-- RECORDS SUPPLIED follows --

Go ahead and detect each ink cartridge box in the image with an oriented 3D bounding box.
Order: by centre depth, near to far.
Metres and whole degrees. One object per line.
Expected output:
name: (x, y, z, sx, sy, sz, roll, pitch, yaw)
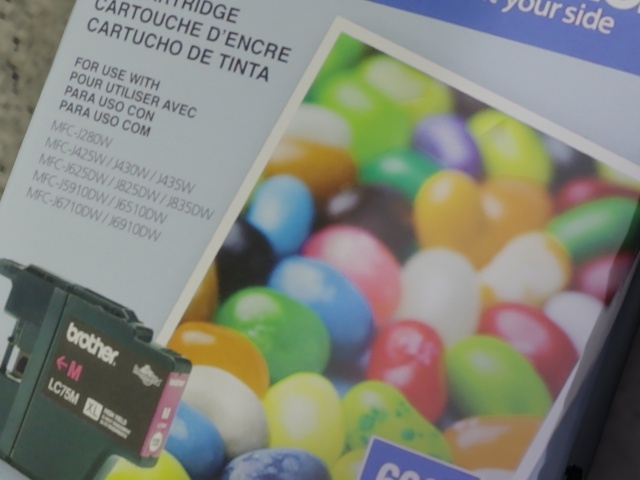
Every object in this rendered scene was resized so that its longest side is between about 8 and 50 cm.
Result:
ink cartridge box: (0.000, 0.000, 0.426, 0.186, 0.065, 0.311, 19, 85, 20)
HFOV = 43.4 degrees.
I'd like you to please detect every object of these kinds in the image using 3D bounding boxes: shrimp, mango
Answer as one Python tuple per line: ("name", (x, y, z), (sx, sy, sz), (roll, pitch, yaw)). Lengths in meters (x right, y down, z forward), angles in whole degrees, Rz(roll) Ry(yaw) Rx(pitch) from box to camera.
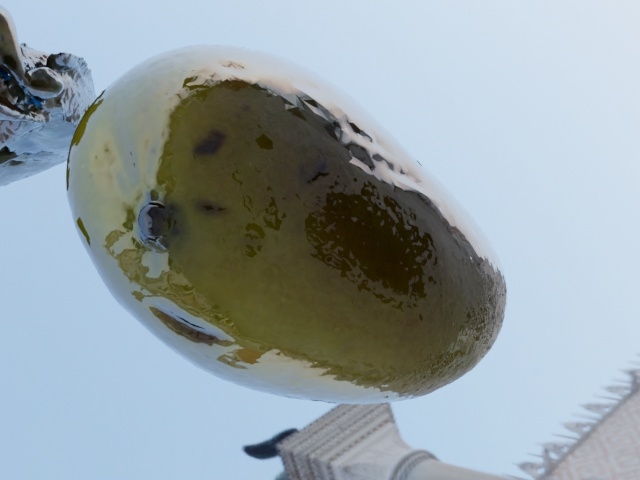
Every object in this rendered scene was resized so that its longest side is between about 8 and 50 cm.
("shrimp", (-0.333, -0.128, 0.839), (0.221, 0.446, 0.110), (-25, -90, -19))
("mango", (0.000, 0.000, 0.693), (0.445, 0.220, 0.301), (23, -146, -44))
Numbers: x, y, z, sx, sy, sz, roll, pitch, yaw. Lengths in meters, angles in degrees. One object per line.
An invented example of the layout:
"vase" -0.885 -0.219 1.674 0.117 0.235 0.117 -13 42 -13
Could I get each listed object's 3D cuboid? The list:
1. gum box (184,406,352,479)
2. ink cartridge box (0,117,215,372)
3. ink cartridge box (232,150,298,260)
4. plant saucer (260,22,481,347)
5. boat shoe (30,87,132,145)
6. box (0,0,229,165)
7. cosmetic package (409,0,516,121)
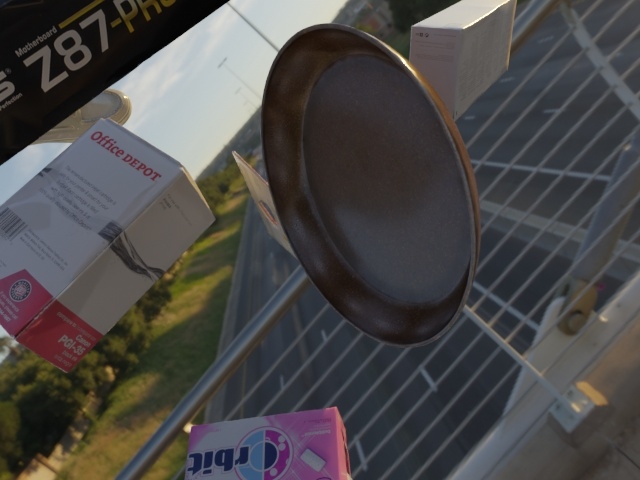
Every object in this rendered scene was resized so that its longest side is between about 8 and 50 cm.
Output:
"gum box" -0.054 0.261 0.681 0.188 0.062 0.107 -10 46 7
"ink cartridge box" -0.312 -0.004 0.802 0.283 0.207 0.117 -48 -33 -17
"ink cartridge box" 0.000 0.000 0.910 0.066 0.261 0.296 -40 -20 -10
"plant saucer" 0.042 -0.049 0.577 0.050 0.311 0.310 -24 -2 -29
"boat shoe" -0.397 -0.190 0.900 0.227 0.079 0.081 -16 -6 -20
"box" -0.217 -0.242 0.496 0.395 0.097 0.318 -42 52 -16
"cosmetic package" 0.171 -0.223 0.710 0.239 0.060 0.099 -43 -42 -50
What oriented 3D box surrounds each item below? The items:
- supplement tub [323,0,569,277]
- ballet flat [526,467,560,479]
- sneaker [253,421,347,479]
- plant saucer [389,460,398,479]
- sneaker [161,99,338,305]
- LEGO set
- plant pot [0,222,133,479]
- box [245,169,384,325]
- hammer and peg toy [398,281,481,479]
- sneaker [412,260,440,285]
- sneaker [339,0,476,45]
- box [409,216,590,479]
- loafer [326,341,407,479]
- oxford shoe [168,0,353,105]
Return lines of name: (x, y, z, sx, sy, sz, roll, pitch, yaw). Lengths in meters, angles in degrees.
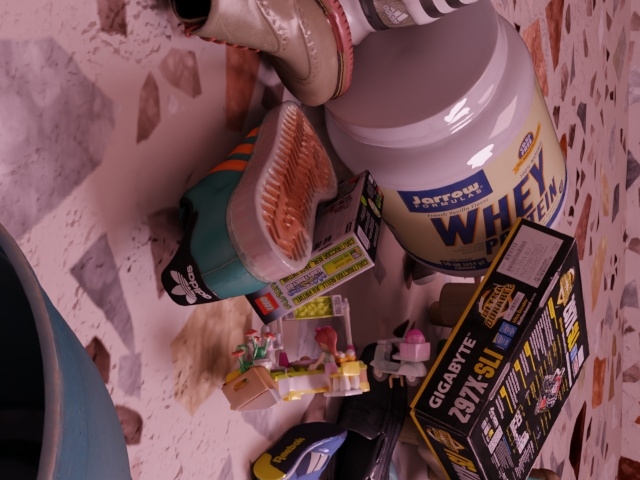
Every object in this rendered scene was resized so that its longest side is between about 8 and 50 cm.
supplement tub: (0.144, -0.124, 1.128, 0.325, 0.235, 0.235, 50, 51, -54)
ballet flat: (0.196, 0.414, 1.373, 0.124, 0.342, 0.116, 24, 40, -20)
sneaker: (-0.021, 0.243, 1.068, 0.144, 0.053, 0.059, -26, 117, -50)
plant saucer: (0.064, 0.347, 1.268, 0.195, 0.037, 0.195, -14, 106, -61)
sneaker: (-0.066, -0.039, 0.895, 0.108, 0.121, 0.302, 60, 20, -16)
LEGO set: (-0.020, 0.106, 0.985, 0.287, 0.132, 0.107, 2, 79, -49)
plant pot: (-0.211, 0.131, 0.476, 0.255, 0.271, 0.272, 73, 31, -64)
box: (0.000, 0.000, 0.925, 0.036, 0.114, 0.207, 57, 16, -13)
hammer and peg toy: (0.197, 0.215, 1.410, 0.361, 0.127, 0.266, 54, 49, -52)
sneaker: (0.149, -0.011, 1.375, 0.065, 0.061, 0.158, 39, 55, -27)
sneaker: (0.136, -0.414, 1.000, 0.169, 0.257, 0.448, 41, 48, -58)
box: (0.226, 0.164, 1.167, 0.257, 0.079, 0.322, -59, 151, -18)
loafer: (0.054, 0.227, 1.182, 0.078, 0.076, 0.223, 37, 59, -53)
oxford shoe: (-0.073, -0.216, 0.862, 0.130, 0.123, 0.348, -48, 145, -10)
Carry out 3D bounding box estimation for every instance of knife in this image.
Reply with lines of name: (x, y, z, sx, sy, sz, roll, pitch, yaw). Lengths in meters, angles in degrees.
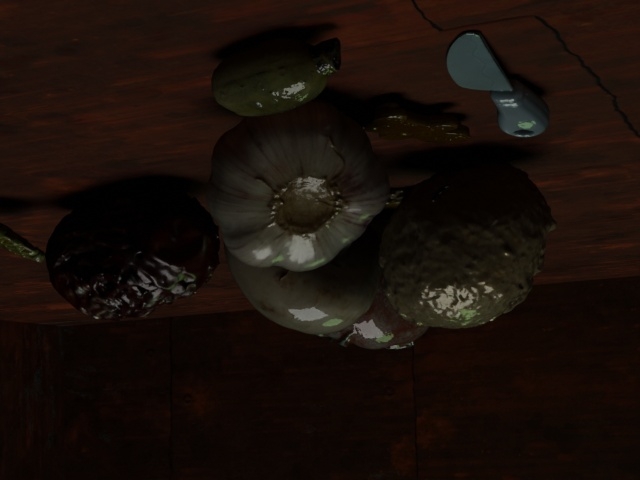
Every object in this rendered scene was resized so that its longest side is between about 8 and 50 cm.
knife: (0.212, -0.197, 1.471, 0.080, 0.044, 0.331, 1, 167, 27)

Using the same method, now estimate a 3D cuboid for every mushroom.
mushroom: (0.000, 0.000, 1.974, 0.298, 0.297, 0.290, 6, 141, -42)

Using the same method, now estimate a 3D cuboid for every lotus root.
lotus root: (-0.049, -0.185, 1.326, 0.183, 0.077, 0.090, -9, 170, 43)

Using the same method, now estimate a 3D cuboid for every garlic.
garlic: (-0.051, -0.095, 1.618, 0.245, 0.245, 0.253, 1, -155, -19)

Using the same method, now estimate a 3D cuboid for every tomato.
tomato: (0.083, 0.079, 2.305, 0.317, 0.282, 0.316, 13, -172, -2)

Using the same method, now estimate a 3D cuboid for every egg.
egg: (0.235, 0.010, 1.939, 0.310, 0.279, 0.279, -37, 162, 12)

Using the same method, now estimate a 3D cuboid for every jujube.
jujube: (-0.339, 0.027, 2.124, 0.258, 0.258, 0.377, 6, 175, -41)

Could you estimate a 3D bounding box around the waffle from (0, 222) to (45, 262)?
waffle: (-0.598, -0.013, 2.159, 0.183, 0.036, 0.169, 37, 166, -36)

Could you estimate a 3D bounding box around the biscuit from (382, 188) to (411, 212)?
biscuit: (0.191, -0.079, 2.196, 0.176, 0.031, 0.229, 3, 170, -36)

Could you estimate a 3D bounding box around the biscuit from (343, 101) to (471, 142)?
biscuit: (0.128, -0.164, 1.648, 0.205, 0.031, 0.138, 7, 171, -39)

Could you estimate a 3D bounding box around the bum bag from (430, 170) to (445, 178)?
bum bag: (0.267, -0.092, 2.074, 0.109, 0.026, 0.159, -11, 153, 23)

-- RECORDS SUPPLIED concluded --

DIRECTIONS →
All lines of the records above that contain the word "with" are to be copied out.

WRITTEN ANSWER →
Go ahead and detect each ink cartridge box in the image with an oriented 3D bounding box.
Reply with lines of name: (x, y, z, sx, sy, sz, roll, pitch, yaw). Lengths in meters, angles in degrees.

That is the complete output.